C’est pour cela que la prière est un labeur, parfois très rude :
l’ennui, l’acédie, nous décourage ;
les distractions nous humilient ;
le démon nous pousse ou à délaisser la prière
ou à l’excès dans la prière.

Qu’est-ce qu’il nous reste ?
À persévérer en remettant à Dieu
ce combat qui est au-delà de nos forces.
Alors le combat de la prière n’est plus une erreur de parcours,
il nous unit à Jésus,
à son combat,
et donc à sa gloire de Fils;
et le grand téléchargement se fait :
la première création passe au Christ, et,
en Lui, se met à chanter et à glorifier le Père.

Quelles sont précieuses « nos » heures d’adoration.
C’est la prolongation directe de l’Eucharistie
qui est la Prière pascale par excellence.

Nous sommes là en Église au nom du monde entier
avec l’interdiction c’est-à-dire l’impossibilité d’exclure
qui que ce soit ou quoi que ce soit de notre prière.

Cela se passe en silence ;
pauvrement ;
de nuit ;
sans attendre ni gratification ni consolation
considérant comme une récompense
de ne pas avoir de récompense.

*

Souvenez-vous du Père Émile assis sur un banc,
le 3e ou 4e à votre droite, pendant des heures.
Il aimait aussi le banc de l’avenue du Mont-Royal
et le marchand de crème glacée,
mais là où il demeurait très très longtemps,
c’était le banc dans le Sanctuaire.
Père Émile est retourné vers le Père le
après une rude bataille avec un cancer.

Nul d’entre nous ne sait ce qui se vivait dans son cœur
lors de ces longues rencontres
avec le Seigneur dans l’adoration silencieuse.
Mais les fruits se voyaient :
fruits d’accueil des autres, de discrétion,
de charité dans son ministère auprès des personnes âgées
et ce fruit mûr qu’est la capacité de se défaire de cette vie,
de vivre la maladie
et de passer vers l’éternité sans se plaindre.

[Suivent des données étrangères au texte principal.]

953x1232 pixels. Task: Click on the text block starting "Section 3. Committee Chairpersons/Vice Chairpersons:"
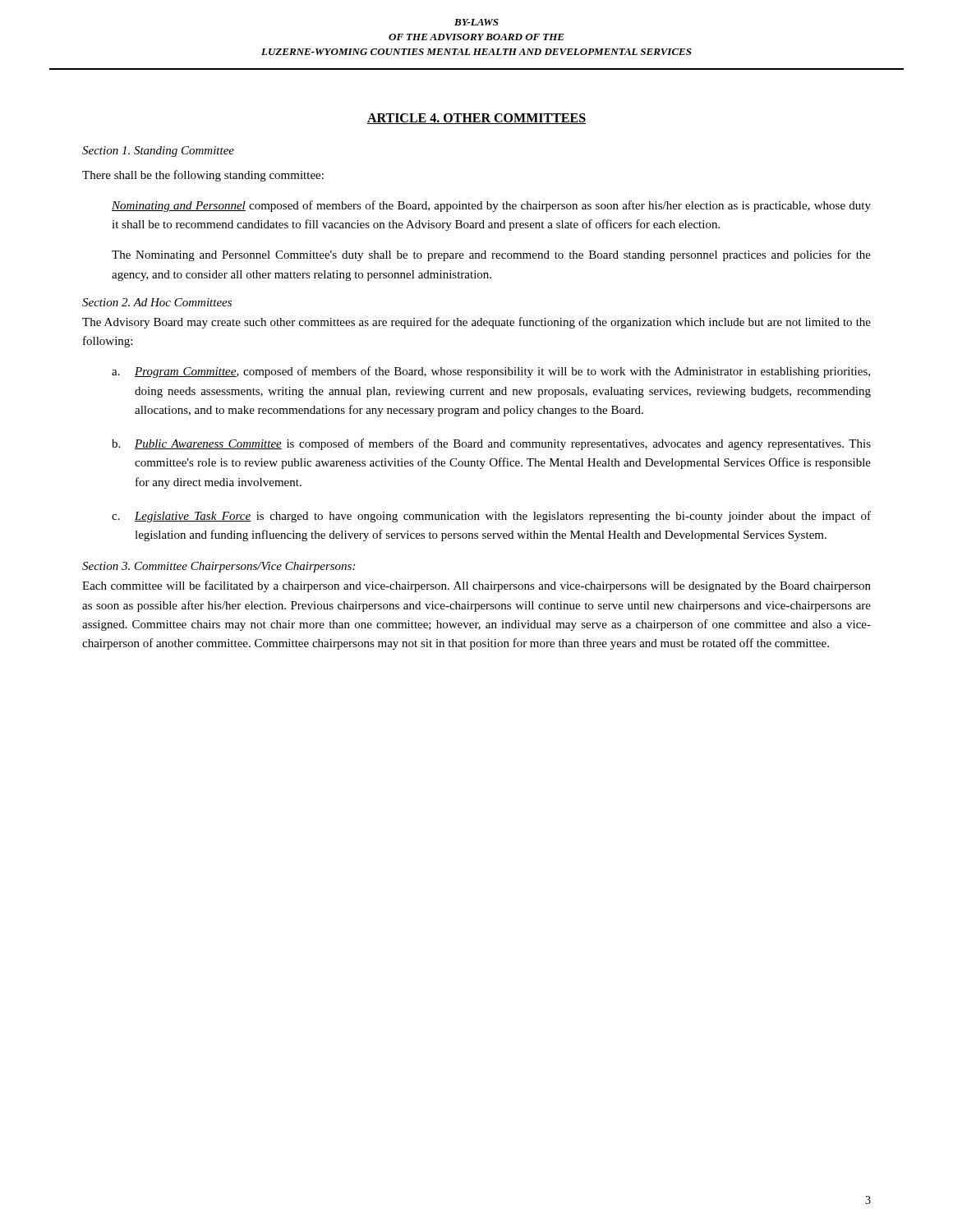[x=219, y=566]

Et qui dira le fruit de sa prière, de son adoration sur le monde.
Il vivait ainsi sa responsabilité de baptisé
chargé de la grande élévation de toute la Création par Lui,
vers le Père, dans l’unité de l’Esprit.

Viens Esprit Saint, viens nous dévoiler le Mystère eucharistique
et que nous nous laissions appeler et séduire
pour vivre notre mission de baptisés, c’est-à-dire de consacrés.